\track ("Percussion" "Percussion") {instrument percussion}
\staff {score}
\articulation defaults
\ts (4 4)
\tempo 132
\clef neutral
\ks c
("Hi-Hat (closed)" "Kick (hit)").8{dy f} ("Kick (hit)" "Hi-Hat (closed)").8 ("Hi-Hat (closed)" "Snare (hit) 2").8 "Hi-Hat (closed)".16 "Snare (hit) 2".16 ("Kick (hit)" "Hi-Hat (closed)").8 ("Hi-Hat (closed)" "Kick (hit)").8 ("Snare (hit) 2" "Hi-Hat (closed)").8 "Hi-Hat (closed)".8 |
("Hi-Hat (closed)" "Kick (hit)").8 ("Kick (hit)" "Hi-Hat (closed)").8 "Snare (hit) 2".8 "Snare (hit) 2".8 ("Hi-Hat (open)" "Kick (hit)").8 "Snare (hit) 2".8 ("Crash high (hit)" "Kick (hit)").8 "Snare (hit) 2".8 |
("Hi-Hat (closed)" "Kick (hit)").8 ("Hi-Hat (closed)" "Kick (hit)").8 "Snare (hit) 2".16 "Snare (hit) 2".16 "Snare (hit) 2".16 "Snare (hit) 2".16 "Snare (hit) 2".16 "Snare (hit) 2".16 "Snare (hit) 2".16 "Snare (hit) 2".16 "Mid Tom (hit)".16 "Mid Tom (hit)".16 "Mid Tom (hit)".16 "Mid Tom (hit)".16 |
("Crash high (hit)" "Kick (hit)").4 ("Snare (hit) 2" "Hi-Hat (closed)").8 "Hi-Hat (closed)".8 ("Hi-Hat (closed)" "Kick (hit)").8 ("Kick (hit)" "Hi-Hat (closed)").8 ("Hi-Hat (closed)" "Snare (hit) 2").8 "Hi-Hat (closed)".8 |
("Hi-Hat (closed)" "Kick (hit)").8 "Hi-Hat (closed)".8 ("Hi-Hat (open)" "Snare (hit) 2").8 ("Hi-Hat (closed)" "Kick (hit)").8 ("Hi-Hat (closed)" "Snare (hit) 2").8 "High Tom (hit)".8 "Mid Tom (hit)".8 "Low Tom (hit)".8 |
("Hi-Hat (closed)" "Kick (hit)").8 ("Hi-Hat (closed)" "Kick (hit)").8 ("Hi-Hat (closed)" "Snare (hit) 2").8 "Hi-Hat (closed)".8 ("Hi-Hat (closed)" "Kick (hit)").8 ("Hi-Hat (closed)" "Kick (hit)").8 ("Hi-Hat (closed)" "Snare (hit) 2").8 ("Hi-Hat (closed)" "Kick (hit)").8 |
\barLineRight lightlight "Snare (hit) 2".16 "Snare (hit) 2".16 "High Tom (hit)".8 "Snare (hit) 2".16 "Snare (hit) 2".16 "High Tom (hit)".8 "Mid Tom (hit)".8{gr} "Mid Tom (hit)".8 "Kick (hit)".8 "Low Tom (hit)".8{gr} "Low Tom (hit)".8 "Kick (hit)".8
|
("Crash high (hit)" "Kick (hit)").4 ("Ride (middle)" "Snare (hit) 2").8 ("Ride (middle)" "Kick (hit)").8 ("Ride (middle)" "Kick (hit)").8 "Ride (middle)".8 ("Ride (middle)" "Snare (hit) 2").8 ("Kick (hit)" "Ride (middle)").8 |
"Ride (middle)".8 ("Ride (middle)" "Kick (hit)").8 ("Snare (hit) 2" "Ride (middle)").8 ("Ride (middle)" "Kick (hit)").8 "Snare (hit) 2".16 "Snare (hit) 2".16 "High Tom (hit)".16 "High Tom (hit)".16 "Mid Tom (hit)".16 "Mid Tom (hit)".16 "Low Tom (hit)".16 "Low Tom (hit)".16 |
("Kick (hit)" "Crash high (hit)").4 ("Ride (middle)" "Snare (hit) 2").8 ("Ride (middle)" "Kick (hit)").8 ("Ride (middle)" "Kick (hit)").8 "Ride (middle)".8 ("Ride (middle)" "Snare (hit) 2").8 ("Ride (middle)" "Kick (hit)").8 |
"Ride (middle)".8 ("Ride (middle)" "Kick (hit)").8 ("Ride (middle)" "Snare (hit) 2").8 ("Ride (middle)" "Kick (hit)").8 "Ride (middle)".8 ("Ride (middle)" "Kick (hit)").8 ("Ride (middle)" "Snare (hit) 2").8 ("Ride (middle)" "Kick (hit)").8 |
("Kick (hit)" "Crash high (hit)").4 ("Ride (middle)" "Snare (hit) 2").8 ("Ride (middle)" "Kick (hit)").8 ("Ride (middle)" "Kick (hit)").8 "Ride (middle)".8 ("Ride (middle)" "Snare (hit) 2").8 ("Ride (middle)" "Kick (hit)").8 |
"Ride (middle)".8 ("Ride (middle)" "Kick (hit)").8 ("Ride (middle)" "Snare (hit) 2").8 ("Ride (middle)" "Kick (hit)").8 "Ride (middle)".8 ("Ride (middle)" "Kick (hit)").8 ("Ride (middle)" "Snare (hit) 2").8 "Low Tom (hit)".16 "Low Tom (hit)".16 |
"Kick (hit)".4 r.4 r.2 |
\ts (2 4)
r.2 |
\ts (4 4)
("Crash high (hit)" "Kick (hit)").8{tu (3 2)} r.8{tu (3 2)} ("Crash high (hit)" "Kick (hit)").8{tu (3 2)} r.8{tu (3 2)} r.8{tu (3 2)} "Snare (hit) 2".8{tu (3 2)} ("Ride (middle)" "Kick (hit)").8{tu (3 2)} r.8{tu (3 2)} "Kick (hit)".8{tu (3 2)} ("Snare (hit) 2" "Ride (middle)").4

* * *

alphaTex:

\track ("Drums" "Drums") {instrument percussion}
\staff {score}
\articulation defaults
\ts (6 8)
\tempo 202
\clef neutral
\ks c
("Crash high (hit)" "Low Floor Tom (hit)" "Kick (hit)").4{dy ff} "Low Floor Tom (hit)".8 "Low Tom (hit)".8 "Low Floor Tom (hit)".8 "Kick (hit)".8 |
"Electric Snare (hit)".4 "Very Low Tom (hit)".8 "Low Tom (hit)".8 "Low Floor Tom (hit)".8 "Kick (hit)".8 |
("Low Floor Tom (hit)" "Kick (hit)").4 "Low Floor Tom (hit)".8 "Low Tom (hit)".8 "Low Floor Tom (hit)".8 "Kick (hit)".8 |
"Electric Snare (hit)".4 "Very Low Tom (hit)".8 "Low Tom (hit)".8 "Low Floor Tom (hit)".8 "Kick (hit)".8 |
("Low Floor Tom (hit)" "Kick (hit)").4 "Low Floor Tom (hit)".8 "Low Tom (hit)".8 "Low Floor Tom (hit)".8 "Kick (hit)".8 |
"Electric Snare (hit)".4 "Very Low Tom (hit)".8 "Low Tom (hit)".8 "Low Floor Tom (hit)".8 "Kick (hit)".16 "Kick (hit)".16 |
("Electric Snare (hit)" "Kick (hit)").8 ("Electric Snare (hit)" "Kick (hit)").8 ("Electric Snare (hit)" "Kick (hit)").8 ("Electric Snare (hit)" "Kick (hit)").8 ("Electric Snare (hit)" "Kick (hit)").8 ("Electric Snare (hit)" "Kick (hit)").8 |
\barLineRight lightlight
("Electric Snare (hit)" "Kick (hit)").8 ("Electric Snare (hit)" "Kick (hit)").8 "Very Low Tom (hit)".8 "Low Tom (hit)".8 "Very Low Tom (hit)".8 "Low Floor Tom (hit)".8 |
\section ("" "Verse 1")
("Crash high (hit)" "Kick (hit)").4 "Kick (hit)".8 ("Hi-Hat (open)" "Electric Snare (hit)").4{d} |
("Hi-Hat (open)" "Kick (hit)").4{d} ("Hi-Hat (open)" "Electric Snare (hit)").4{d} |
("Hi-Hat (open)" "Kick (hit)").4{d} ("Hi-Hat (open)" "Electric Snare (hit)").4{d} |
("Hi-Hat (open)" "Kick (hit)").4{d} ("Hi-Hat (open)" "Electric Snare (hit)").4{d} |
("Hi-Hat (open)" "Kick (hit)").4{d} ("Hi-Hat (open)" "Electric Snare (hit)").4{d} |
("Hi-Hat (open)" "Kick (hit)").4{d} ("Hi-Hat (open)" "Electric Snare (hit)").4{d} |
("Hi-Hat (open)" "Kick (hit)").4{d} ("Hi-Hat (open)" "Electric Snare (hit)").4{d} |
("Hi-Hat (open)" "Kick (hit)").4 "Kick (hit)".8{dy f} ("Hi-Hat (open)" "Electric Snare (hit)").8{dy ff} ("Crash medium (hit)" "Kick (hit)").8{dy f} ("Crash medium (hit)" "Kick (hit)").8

---

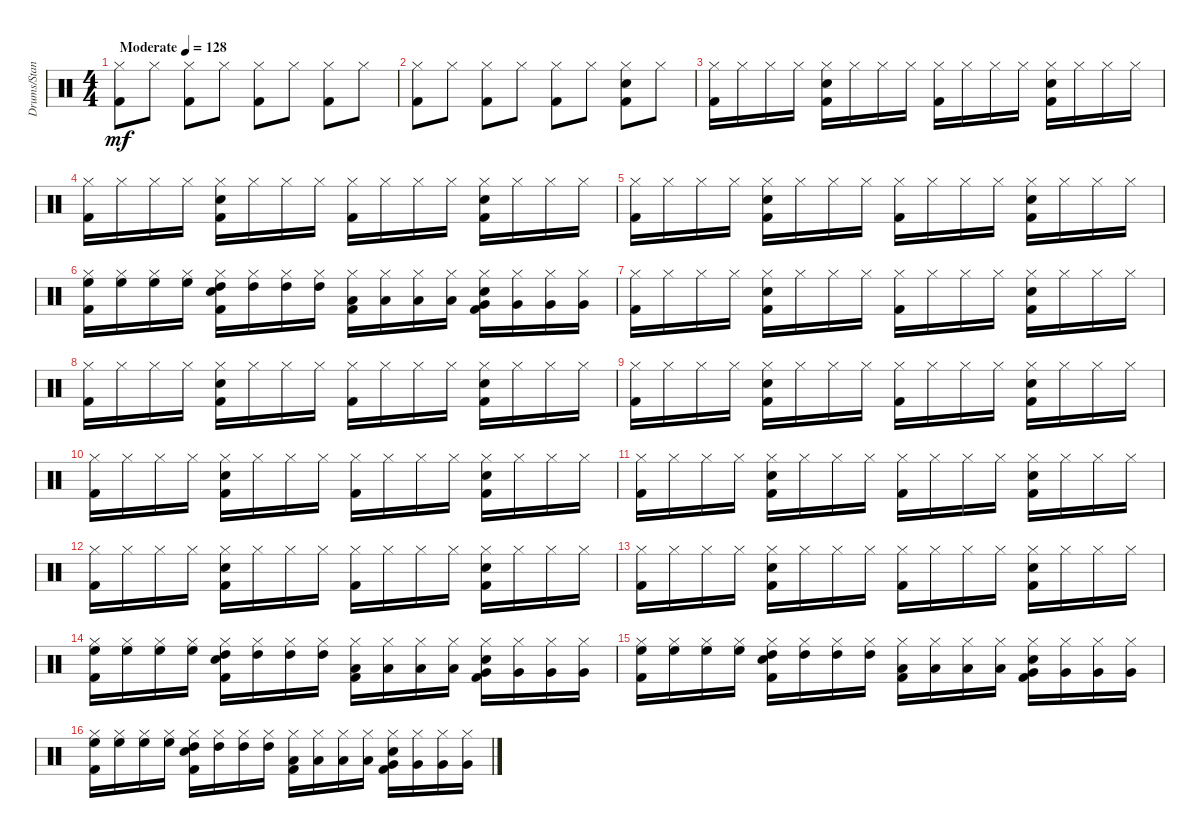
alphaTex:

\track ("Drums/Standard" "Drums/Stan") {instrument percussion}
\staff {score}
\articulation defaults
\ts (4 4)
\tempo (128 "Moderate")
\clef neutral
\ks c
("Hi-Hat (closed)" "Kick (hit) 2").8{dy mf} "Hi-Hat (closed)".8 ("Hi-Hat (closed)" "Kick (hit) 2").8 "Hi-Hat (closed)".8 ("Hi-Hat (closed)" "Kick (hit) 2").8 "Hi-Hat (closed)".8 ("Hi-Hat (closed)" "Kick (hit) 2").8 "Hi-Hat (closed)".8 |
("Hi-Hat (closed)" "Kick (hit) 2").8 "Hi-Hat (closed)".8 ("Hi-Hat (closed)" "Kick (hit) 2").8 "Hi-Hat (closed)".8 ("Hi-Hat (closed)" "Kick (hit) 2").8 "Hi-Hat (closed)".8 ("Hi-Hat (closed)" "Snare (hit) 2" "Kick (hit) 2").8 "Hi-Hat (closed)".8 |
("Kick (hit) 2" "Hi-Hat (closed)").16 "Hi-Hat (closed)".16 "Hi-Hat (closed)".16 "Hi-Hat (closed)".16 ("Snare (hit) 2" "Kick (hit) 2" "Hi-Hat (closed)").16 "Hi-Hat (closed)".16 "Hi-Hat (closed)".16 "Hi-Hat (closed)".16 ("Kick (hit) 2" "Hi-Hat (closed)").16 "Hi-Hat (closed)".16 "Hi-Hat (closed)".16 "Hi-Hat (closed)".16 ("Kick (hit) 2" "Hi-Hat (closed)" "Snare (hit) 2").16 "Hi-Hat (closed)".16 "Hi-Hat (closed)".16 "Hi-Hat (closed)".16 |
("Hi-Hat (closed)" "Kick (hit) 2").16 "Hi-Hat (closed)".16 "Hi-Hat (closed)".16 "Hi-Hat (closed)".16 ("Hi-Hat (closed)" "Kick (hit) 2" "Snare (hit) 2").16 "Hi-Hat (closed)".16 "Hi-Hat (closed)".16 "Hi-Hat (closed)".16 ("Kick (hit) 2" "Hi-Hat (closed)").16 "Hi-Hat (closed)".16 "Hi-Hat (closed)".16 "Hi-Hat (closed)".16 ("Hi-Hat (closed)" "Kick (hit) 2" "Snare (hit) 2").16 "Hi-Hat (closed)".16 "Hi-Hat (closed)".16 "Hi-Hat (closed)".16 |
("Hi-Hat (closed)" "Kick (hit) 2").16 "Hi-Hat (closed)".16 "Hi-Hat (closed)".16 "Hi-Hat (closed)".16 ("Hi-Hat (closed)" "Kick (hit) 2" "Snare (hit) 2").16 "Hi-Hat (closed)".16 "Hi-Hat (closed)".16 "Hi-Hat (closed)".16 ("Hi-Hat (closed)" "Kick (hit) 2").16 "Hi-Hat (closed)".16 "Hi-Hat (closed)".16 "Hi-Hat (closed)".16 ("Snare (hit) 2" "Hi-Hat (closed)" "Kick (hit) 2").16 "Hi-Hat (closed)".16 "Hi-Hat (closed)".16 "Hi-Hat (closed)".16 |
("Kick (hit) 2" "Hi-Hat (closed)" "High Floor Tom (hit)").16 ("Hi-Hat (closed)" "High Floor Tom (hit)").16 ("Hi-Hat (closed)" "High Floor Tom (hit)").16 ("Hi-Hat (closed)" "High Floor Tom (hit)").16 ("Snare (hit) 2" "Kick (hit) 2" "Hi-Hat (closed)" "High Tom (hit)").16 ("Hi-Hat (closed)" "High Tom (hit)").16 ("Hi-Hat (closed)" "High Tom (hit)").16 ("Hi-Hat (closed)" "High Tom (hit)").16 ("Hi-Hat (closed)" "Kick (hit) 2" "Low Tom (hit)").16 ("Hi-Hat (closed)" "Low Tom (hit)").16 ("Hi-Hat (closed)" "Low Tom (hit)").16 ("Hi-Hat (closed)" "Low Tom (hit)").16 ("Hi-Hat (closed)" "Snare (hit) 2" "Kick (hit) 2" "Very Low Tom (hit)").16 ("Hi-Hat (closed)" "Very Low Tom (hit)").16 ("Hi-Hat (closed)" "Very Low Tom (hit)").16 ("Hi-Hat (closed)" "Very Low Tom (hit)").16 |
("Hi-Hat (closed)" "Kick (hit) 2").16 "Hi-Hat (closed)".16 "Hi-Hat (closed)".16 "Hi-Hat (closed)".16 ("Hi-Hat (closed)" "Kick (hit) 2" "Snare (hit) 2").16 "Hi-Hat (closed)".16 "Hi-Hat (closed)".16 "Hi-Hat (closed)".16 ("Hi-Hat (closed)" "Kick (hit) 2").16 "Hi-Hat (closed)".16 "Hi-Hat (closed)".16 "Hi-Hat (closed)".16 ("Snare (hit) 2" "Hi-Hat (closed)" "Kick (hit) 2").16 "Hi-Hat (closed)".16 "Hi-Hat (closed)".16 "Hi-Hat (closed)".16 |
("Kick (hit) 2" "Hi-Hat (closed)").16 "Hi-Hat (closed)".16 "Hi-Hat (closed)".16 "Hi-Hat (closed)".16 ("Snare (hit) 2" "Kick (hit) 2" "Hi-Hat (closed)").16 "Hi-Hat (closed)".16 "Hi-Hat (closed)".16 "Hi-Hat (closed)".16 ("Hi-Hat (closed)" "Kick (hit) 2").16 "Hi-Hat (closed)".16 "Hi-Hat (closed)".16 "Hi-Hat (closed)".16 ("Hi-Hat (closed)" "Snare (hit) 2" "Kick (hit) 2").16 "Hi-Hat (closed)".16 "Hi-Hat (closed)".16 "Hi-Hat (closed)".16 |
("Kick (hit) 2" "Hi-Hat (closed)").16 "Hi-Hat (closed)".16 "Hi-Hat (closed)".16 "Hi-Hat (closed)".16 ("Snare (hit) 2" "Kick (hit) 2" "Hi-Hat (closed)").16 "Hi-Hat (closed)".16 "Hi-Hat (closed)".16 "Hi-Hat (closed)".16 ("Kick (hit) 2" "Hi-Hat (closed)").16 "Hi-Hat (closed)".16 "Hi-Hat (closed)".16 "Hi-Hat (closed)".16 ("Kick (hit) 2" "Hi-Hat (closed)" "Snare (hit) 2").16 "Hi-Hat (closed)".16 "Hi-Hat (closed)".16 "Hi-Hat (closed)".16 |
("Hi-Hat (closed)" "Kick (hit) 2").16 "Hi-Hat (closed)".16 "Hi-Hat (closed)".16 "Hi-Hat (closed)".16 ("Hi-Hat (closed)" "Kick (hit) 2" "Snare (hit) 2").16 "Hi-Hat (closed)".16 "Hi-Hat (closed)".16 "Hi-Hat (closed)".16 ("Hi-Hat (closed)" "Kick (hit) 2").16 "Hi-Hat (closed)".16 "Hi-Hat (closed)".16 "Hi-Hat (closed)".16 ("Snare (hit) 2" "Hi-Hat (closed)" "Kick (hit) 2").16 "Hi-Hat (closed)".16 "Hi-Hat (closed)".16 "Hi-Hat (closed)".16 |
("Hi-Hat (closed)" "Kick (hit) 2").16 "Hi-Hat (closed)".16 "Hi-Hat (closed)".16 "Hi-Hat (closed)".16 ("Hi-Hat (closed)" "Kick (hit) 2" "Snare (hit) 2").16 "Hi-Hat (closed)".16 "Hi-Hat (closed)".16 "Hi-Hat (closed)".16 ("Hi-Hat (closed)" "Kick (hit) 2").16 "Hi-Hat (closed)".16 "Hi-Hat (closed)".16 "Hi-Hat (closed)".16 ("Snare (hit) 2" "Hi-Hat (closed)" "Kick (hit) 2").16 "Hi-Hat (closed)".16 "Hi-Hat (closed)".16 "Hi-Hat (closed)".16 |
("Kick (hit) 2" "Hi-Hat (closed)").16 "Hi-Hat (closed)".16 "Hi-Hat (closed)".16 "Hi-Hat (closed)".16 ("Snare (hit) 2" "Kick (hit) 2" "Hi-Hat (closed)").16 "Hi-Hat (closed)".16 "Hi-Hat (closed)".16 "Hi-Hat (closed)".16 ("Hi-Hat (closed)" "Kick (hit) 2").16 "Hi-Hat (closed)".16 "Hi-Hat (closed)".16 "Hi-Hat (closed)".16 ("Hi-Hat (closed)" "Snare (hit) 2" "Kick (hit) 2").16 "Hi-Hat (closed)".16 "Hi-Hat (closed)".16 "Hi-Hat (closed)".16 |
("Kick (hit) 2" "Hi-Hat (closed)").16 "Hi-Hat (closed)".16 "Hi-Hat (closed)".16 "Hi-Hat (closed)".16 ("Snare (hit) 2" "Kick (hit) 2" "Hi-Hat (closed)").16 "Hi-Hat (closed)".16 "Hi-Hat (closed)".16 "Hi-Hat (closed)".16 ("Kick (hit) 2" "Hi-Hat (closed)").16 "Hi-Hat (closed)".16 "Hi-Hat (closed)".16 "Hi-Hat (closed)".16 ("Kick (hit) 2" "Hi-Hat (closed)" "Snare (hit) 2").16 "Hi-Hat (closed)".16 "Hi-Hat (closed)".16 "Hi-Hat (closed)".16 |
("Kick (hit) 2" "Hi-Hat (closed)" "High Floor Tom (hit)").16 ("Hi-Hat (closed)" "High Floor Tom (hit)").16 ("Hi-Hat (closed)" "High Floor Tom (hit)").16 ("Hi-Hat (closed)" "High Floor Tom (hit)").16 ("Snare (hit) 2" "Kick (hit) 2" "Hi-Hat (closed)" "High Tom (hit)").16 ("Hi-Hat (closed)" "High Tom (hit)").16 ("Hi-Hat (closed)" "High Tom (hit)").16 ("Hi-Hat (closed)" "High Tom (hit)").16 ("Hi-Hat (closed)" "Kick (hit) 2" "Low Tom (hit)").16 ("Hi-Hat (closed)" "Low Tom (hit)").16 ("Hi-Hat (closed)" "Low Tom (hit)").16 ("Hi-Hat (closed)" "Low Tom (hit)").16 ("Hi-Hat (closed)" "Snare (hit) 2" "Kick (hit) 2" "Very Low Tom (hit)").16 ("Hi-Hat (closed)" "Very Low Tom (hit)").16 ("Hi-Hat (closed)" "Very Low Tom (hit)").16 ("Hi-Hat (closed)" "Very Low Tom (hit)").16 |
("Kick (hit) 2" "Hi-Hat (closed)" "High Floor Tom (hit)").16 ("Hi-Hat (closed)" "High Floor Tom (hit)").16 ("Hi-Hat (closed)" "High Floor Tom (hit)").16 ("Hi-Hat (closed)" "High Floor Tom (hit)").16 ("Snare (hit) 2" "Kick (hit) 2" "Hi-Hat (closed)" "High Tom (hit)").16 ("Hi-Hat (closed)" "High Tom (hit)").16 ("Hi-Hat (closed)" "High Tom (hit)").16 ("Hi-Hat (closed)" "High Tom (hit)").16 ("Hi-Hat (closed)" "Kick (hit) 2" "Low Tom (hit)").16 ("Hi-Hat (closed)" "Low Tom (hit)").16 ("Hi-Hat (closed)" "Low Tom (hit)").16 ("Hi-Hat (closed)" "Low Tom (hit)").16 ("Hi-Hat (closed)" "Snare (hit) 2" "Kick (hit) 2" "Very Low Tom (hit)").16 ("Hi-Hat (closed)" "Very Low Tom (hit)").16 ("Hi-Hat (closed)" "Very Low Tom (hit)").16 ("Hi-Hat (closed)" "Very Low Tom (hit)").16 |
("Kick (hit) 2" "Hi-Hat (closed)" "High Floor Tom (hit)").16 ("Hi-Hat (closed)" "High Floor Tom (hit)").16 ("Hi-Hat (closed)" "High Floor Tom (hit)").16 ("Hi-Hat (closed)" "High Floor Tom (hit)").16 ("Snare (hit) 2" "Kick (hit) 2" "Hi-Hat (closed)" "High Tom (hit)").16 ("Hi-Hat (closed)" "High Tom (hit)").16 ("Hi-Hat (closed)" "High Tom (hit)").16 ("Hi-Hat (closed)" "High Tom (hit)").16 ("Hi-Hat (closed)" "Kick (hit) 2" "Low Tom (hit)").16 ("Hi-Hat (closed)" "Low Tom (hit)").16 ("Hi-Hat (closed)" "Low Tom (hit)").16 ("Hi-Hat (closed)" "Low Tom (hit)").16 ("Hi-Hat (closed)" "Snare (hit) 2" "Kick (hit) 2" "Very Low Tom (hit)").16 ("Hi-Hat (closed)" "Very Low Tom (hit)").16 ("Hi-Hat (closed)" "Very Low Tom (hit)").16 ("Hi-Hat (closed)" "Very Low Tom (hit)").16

# Problem details
Wherever the string "track" appears in the entries, copy that line.

# Completed exercise
\track ("Percussion" "Percussion") {instrument percussion}
\track ("Drums" "Drums") {instrument percussion}
\track ("Drums/Standard" "Drums/Stan") {instrument percussion}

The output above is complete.